↓
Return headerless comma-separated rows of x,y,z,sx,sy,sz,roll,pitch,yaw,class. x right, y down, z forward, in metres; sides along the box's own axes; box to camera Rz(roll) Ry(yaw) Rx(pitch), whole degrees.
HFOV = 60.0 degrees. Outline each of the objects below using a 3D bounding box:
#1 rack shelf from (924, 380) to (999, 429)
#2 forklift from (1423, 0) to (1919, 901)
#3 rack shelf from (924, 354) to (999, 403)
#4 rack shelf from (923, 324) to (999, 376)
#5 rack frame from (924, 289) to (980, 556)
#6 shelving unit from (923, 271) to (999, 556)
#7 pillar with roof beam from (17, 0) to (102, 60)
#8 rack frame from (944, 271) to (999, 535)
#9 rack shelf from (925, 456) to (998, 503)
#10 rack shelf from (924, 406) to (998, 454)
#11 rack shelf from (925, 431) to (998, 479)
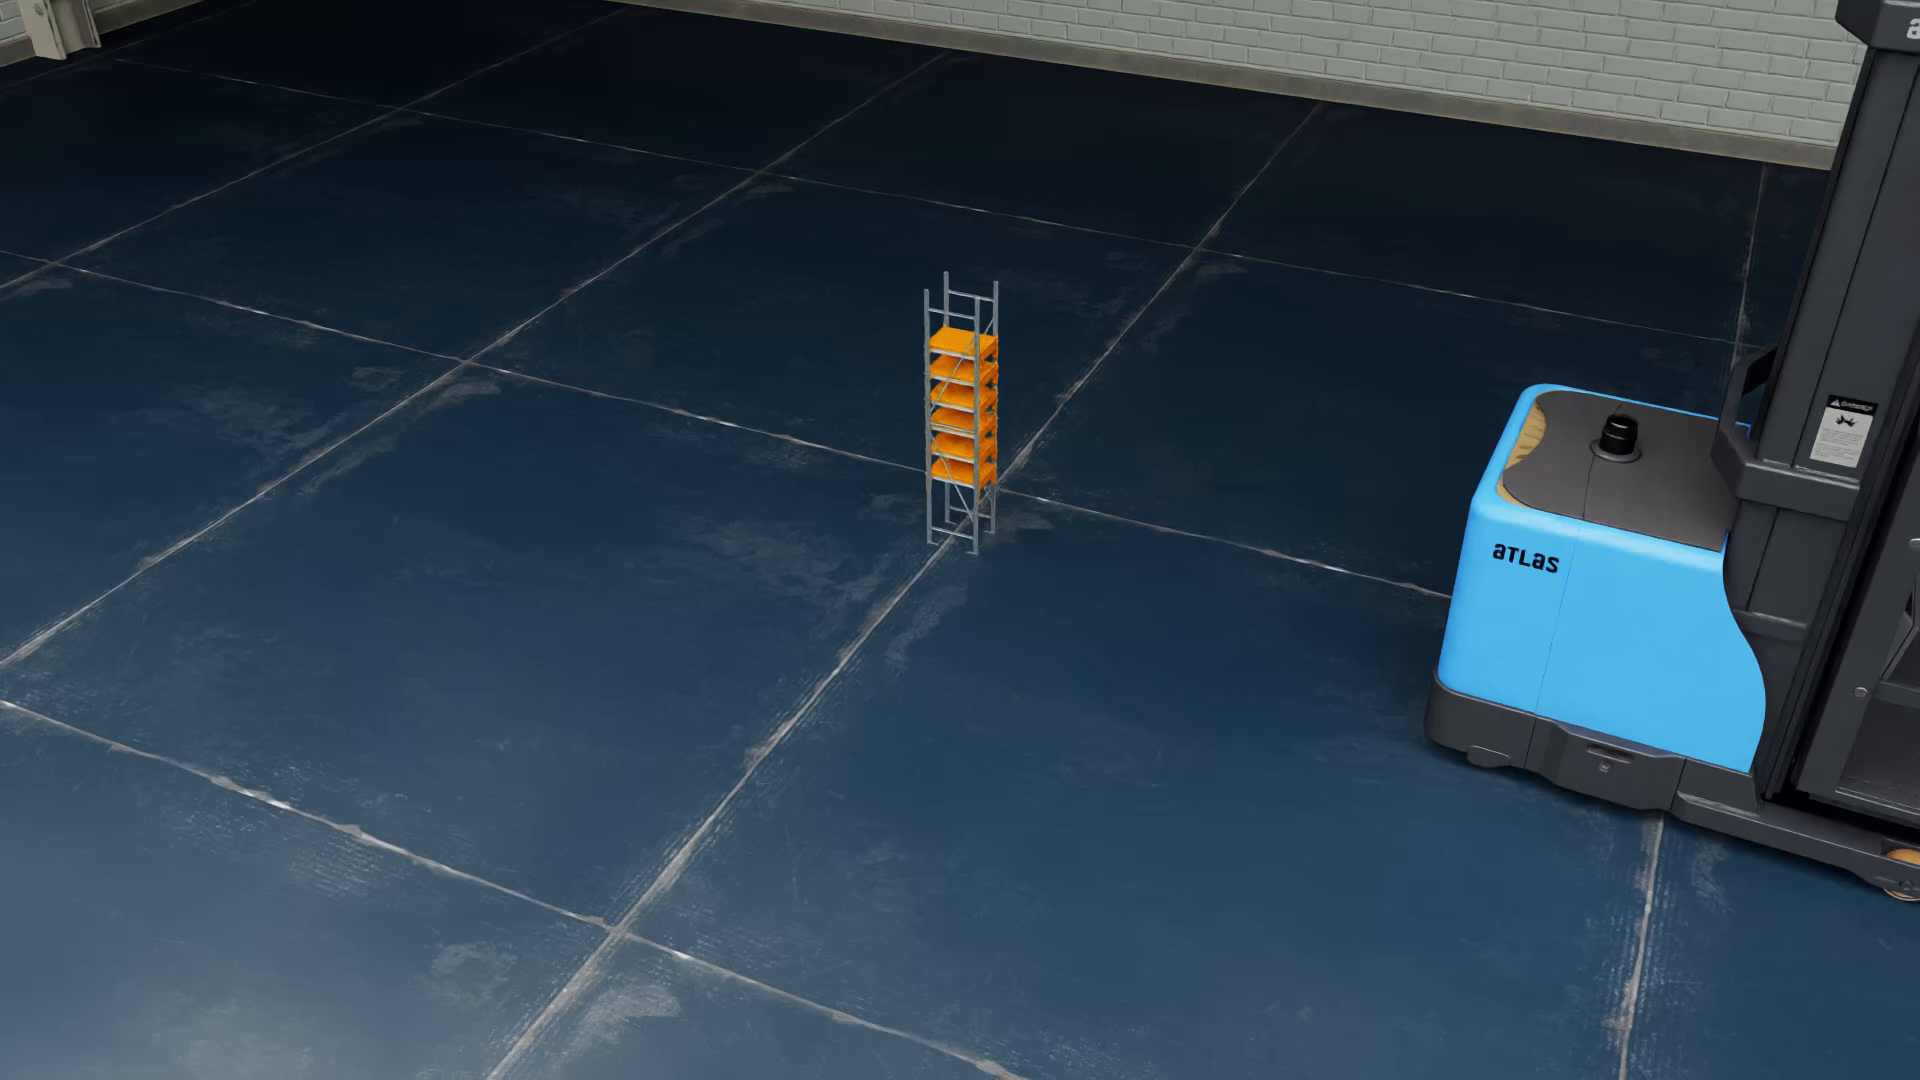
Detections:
0.006,-0.572,6.891,0.258,0.103,0.180,14,36,20,rack shelf
3.244,-0.332,5.083,3.031,2.935,1.130,15,36,22,forklift
0.006,-0.673,6.825,0.258,0.103,0.180,14,36,20,rack shelf
0.006,-0.773,6.759,0.258,0.103,0.180,14,36,20,rack shelf
-0.032,-0.463,6.862,0.240,1.200,0.006,14,36,20,rack frame
0.006,-0.509,6.932,0.258,1.200,0.189,14,36,20,shelving unit
-3.146,-6.647,9.181,9.100,9.000,0.400,14,36,20,pillar with roof beam
0.044,-0.555,7.001,0.240,1.200,0.006,14,36,20,rack frame
0.006,-0.271,7.088,0.258,0.103,0.180,14,36,20,rack shelf
0.006,-0.472,6.956,0.258,0.103,0.180,14,36,20,rack shelf
0.006,-0.371,7.022,0.258,0.103,0.180,14,36,20,rack shelf
↑
WHAT THIS TASK INVOLVES >>
Retype exactly, please, the span from the line holding "#7 pillar with" through the closing line of the data, both ends included, without the pictures.

RESULT BELOW >>
#7 pillar with roof beam from (17, 0) to (102, 60)
#8 rack frame from (944, 271) to (999, 535)
#9 rack shelf from (925, 456) to (998, 503)
#10 rack shelf from (924, 406) to (998, 454)
#11 rack shelf from (925, 431) to (998, 479)
Detections:
0.006,-0.572,6.891,0.258,0.103,0.180,14,36,20,rack shelf
3.244,-0.332,5.083,3.031,2.935,1.130,15,36,22,forklift
0.006,-0.673,6.825,0.258,0.103,0.180,14,36,20,rack shelf
0.006,-0.773,6.759,0.258,0.103,0.180,14,36,20,rack shelf
-0.032,-0.463,6.862,0.240,1.200,0.006,14,36,20,rack frame
0.006,-0.509,6.932,0.258,1.200,0.189,14,36,20,shelving unit
-3.146,-6.647,9.181,9.100,9.000,0.400,14,36,20,pillar with roof beam
0.044,-0.555,7.001,0.240,1.200,0.006,14,36,20,rack frame
0.006,-0.271,7.088,0.258,0.103,0.180,14,36,20,rack shelf
0.006,-0.472,6.956,0.258,0.103,0.180,14,36,20,rack shelf
0.006,-0.371,7.022,0.258,0.103,0.180,14,36,20,rack shelf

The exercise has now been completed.